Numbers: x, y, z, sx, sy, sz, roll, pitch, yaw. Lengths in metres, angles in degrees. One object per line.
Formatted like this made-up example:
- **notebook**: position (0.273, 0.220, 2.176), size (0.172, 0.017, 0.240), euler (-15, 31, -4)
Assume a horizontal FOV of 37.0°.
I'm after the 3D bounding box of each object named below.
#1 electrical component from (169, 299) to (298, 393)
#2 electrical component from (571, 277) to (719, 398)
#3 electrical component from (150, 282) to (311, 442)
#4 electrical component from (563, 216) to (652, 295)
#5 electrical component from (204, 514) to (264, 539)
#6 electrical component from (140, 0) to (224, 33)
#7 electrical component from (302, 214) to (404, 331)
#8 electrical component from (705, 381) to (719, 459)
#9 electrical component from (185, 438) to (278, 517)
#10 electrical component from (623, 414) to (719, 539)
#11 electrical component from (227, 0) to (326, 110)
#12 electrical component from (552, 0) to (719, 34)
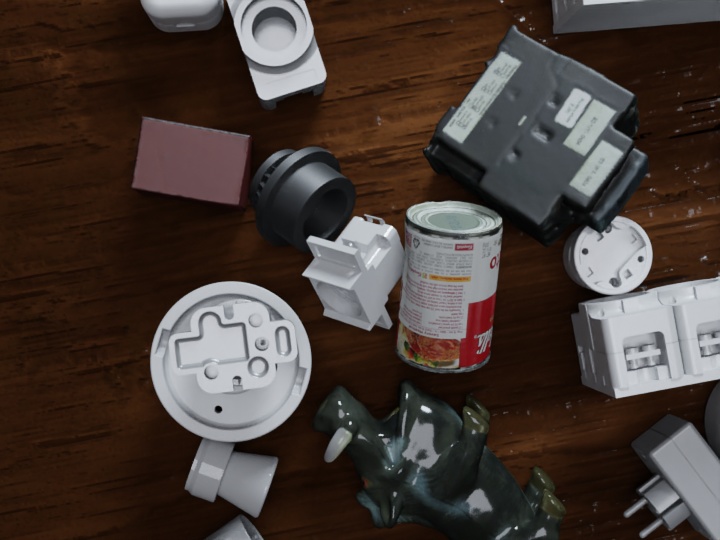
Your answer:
- **electrical component**: position (-0.080, 0.048, 0.692), size (0.078, 0.057, 0.058), euler (-7, 90, -3)
- **electrical component**: position (0.234, 0.041, 0.753), size (0.150, 0.089, 0.061), euler (-10, 90, -3)
- **electrical component**: position (-0.088, 0.062, 0.752), size (0.108, 0.060, 0.108), euler (0, 90, -3)
- **electrical component**: position (0.175, -0.010, 0.771), size (0.055, 0.047, 0.055), euler (0, 90, -3)
- **electrical component**: position (-0.094, 0.227, 0.760), size (0.077, 0.044, 0.079), euler (-35, 92, -2)
- **electrical component**: position (-0.127, -0.220, 0.751), size (0.054, 0.059, 0.095), euler (-4, 90, -3)
- **electrical component**: position (0.000, 0.000, 0.750), size (0.042, 0.081, 0.063), euler (16, 58, 33)
- **electrical component**: position (0.299, 0.112, 0.768), size (0.099, 0.064, 0.099), euler (0, 90, -3)
- **electrical component**: position (-0.091, 0.145, 0.760), size (0.055, 0.045, 0.045), euler (20, 89, -2)
- **electrical component**: position (0.225, 0.161, 0.773), size (0.076, 0.047, 0.083), euler (-38, 92, -2)
- **electrical component**: position (-0.060, -0.165, 0.756), size (0.050, 0.056, 0.089), euler (-18, 91, -3)
- **electrical component**: position (0.216, -0.211, 0.752), size (0.150, 0.089, 0.061), euler (-5, 90, -3)
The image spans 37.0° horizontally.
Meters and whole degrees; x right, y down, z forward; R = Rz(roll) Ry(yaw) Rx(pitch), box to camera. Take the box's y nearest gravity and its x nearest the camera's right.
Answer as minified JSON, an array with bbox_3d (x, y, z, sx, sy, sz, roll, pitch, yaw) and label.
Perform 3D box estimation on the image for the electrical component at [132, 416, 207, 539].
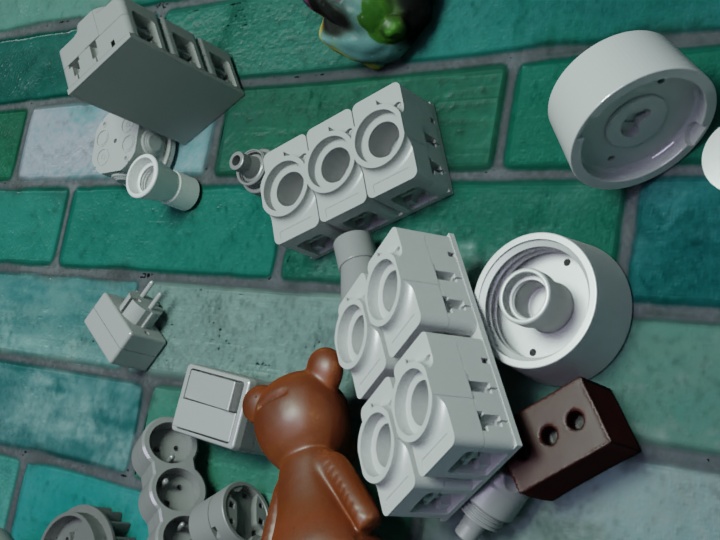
[{"bbox_3d":[-0.172,0.208,0.958,0.073,0.052,0.138,-52,45,49],"label":"electrical component"}]

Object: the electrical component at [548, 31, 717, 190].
[{"bbox_3d":[0.183,-0.115,0.745,0.108,0.108,0.060,-40,50,22],"label":"electrical component"}]

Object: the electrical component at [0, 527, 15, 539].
[{"bbox_3d":[-0.368,0.311,1.045,0.060,0.108,0.108,32,97,33],"label":"electrical component"}]

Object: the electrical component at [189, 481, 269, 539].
[{"bbox_3d":[-0.111,0.212,0.906,0.047,0.055,0.055,-32,59,31],"label":"electrical component"}]

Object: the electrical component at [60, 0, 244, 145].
[{"bbox_3d":[-0.200,-0.192,1.036,0.089,0.150,0.061,-35,59,25],"label":"electrical component"}]

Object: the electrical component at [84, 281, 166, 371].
[{"bbox_3d":[-0.218,0.046,1.045,0.076,0.047,0.065,-52,52,13],"label":"electrical component"}]

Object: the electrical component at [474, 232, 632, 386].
[{"bbox_3d":[0.132,0.025,0.768,0.108,0.060,0.108,-13,69,35],"label":"electrical component"}]

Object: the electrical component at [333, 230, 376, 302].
[{"bbox_3d":[0.000,0.000,0.893,0.044,0.044,0.065,-31,54,27],"label":"electrical component"}]

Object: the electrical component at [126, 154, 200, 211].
[{"bbox_3d":[-0.189,-0.082,1.050,0.044,0.065,0.044,-13,68,35],"label":"electrical component"}]

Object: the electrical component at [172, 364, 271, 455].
[{"bbox_3d":[-0.120,0.119,0.936,0.096,0.061,0.061,9,82,39],"label":"electrical component"}]

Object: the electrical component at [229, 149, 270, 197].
[{"bbox_3d":[-0.091,-0.090,0.977,0.043,0.062,0.043,-12,69,35],"label":"electrical component"}]

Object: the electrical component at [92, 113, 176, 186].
[{"bbox_3d":[-0.233,-0.125,1.106,0.080,0.051,0.080,-12,69,35],"label":"electrical component"}]

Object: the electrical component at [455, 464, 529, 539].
[{"bbox_3d":[0.092,0.166,0.768,0.043,0.043,0.062,40,103,39],"label":"electrical component"}]

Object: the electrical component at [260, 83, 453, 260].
[{"bbox_3d":[-0.007,-0.082,0.910,0.150,0.062,0.089,-25,62,30],"label":"electrical component"}]

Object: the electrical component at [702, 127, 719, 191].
[{"bbox_3d":[0.277,-0.058,0.672,0.138,0.074,0.052,29,95,40],"label":"electrical component"}]

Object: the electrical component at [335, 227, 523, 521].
[{"bbox_3d":[0.040,0.072,0.782,0.105,0.060,0.186,-56,36,41],"label":"electrical component"}]
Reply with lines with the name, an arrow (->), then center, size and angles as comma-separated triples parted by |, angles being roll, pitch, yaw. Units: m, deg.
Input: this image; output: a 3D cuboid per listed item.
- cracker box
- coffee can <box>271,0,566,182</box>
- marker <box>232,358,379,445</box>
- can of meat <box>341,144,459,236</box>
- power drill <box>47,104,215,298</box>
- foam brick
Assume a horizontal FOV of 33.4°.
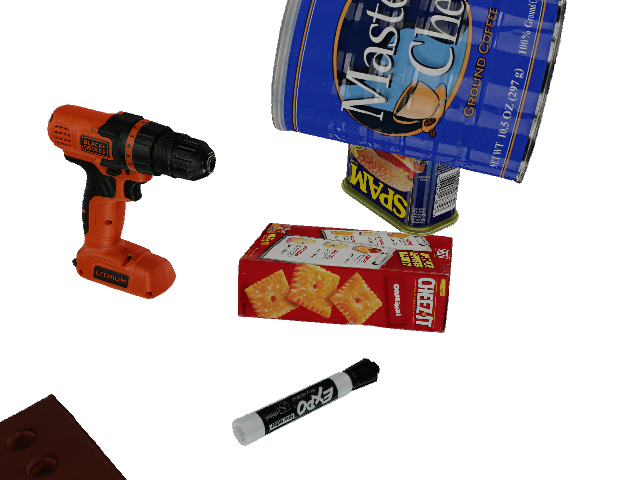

**TASK**
Return, from the data, each line where the string "degrees" occurs.

**RESPONSE BELOW**
Numbers: x, y, z, sx, sy, sz, roll, pitch, yaw. Lengths in metres, angles in degrees. One object per line.
Meters and whole degrees; x right, y down, z forward; R = Rz(roll) Ry(yaw) Rx(pitch), box to camera. Take the box's y nearest gravity and its x nearest the camera's right.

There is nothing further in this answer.